Significance Statement Enzymes catalyze biochemical reactions that sustain life, and accurate measurement of their efficiency—expressed through turnover number (kCat) and substrate affinity (KM)—is fundamental to biotechnology, synthetic biology, and even pharmaceutical innovation. Yet experimental assays remain prohibitive, time-intensive, and sensitive to conditions such as pH, temperature, and ionic strength of the assay buffer, while existing computational approaches often lack sensitivity to catalytic-site mutations and are constrained by inconsistencies in public databases. RealKcat addresses these gaps by introducing a rigorously curated dataset (KinHub-27k) derived from manual review of 2,158 articles and augmented with 5,278 synthetic catalytic variants generated through alanine substitution at annotated catalytic residues. Leveraging protein and substrate embeddings and a classification scheme based on order-of-magnitude kinetic bins, RealKcat achieves state-of-the-art functional e-accuracy and, critically, demonstrates sensitivity to catalytic perturbations. By adopting e-accuracy—a performance metric that evaluates predictions within ±1 order of magnitude, aligning with the practical utility of enzyme kinetics—RealKcat provides biologically meaningful assessments that conventional metrics often obscure. This work establishes a robust, mutation-aware predictive platform that advances computational enzyme design and extends applicability to biomanufacturing, metabolic engineering, and precision medicine.

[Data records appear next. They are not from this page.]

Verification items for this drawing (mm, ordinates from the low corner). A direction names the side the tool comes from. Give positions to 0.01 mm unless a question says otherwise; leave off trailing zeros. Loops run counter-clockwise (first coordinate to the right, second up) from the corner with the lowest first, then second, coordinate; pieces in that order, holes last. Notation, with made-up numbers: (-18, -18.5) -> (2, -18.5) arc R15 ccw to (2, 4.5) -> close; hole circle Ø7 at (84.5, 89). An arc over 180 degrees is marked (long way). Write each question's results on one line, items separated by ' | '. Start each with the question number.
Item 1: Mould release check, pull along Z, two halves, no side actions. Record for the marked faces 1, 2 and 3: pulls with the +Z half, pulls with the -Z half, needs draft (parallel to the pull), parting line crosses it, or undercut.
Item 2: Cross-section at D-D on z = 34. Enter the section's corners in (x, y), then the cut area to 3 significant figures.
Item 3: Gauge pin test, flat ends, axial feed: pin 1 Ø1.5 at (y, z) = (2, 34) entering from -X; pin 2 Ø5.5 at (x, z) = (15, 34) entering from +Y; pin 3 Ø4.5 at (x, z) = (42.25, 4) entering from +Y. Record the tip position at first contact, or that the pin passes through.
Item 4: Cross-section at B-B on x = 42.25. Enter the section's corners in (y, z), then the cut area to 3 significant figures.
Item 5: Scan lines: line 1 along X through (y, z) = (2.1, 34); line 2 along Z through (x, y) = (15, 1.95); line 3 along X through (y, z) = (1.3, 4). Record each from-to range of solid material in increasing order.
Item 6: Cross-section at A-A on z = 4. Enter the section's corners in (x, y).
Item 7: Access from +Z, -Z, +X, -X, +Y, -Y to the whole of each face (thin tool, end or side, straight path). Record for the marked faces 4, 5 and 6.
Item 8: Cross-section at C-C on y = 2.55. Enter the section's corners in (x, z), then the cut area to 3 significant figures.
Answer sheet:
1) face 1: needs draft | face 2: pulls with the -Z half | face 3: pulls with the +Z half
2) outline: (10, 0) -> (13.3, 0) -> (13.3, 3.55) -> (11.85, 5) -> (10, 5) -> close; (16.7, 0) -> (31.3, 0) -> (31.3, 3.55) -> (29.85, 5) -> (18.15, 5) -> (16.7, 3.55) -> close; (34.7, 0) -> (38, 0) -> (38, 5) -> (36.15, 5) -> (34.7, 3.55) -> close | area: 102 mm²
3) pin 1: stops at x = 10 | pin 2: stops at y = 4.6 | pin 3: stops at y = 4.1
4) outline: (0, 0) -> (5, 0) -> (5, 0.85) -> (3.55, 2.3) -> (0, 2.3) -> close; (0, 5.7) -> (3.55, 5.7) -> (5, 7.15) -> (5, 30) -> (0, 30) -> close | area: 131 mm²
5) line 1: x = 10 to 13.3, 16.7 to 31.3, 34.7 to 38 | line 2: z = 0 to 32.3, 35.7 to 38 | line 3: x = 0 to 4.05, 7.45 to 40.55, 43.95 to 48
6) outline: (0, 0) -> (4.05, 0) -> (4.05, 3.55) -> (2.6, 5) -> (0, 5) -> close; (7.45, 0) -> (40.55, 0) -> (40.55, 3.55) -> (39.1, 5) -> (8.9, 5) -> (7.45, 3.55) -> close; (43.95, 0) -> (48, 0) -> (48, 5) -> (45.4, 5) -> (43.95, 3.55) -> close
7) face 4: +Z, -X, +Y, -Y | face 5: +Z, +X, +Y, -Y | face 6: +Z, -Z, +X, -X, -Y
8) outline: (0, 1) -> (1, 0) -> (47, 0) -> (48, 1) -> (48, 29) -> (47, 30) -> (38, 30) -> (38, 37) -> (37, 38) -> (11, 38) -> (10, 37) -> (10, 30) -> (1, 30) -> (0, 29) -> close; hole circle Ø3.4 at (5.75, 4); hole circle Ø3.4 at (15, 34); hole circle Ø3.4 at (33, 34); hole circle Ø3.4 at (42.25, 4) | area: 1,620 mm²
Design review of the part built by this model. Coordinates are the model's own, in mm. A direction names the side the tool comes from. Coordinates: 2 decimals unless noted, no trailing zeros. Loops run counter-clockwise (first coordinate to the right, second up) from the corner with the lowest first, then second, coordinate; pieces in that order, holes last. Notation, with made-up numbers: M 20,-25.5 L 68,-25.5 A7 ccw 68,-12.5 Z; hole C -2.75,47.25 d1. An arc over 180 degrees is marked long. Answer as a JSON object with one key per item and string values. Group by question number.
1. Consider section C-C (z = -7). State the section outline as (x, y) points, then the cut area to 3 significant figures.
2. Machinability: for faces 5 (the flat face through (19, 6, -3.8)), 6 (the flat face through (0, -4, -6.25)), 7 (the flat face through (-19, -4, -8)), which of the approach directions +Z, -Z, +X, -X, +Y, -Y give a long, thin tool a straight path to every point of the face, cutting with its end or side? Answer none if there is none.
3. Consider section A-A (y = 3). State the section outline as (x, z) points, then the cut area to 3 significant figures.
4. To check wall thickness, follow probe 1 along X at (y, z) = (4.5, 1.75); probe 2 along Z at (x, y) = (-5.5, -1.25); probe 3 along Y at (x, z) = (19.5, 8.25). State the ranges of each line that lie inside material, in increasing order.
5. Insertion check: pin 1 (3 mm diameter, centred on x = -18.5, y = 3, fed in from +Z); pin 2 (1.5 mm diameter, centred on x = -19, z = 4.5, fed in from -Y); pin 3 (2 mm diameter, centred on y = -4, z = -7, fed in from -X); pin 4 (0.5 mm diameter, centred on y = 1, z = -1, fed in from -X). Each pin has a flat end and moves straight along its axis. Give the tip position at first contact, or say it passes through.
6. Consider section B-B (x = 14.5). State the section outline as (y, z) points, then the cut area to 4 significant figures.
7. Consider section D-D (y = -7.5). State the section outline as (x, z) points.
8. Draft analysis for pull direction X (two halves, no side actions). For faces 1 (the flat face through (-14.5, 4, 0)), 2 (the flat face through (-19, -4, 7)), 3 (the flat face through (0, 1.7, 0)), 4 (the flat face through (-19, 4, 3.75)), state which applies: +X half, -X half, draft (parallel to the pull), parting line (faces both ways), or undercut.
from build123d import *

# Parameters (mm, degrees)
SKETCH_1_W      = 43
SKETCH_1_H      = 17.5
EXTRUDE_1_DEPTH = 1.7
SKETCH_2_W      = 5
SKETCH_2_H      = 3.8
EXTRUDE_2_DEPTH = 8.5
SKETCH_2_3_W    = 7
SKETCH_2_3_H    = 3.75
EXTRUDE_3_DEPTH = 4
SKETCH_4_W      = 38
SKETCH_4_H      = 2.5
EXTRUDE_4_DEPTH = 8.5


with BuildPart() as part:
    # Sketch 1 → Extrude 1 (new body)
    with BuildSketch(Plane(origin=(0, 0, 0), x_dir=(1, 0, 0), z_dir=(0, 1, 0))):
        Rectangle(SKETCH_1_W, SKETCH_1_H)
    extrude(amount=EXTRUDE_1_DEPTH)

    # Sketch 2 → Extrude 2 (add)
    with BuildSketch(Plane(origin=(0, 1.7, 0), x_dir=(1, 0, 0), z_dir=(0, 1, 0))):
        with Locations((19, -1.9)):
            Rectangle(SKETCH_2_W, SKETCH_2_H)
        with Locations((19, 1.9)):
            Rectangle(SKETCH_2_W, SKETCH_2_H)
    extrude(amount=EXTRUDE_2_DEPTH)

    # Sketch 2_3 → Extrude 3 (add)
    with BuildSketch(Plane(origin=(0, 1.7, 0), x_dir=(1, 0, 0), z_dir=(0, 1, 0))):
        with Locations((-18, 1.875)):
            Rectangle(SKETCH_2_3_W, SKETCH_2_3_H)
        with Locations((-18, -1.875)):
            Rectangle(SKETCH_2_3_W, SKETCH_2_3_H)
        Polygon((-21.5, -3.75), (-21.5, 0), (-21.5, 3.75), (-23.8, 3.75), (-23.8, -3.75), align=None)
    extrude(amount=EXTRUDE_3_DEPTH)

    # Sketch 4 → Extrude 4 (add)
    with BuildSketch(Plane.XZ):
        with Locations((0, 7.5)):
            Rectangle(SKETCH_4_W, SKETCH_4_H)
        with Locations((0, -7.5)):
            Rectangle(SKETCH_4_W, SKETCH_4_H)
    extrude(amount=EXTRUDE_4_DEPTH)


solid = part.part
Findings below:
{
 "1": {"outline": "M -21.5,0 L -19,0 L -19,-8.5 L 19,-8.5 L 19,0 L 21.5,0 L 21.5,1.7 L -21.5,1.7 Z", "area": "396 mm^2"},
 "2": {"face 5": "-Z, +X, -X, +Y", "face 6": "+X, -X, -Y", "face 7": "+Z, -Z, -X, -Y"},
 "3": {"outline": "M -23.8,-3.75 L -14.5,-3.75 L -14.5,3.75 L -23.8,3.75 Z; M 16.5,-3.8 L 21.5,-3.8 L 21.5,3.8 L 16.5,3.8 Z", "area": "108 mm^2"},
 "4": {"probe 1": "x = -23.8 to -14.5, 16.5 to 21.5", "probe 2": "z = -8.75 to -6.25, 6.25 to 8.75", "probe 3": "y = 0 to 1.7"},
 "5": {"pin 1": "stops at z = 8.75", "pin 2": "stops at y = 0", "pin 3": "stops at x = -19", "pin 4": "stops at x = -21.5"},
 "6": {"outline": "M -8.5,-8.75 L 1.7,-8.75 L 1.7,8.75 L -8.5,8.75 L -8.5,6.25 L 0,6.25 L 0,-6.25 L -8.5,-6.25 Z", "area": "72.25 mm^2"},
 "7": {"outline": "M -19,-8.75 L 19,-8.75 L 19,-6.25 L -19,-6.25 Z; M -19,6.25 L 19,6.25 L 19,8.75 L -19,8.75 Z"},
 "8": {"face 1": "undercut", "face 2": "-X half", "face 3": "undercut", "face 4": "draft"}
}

Competing Interest Statement
The authors have declared no competing interest.
Footnotes
This revision refines the former binary negative data simulation hypothesis into a mechanistically grounded, order-of-magnitude classification framework, supported by the fully curated KinHub-27k dataset, mechanistically guided synthetic negatives for catalytic-site mutation sensitivity, leakage-free data partitioning, transparent hyperparameter optimization, expanded out-of-distribution and mutational evaluations, and improved clarity and reproducibility throughout.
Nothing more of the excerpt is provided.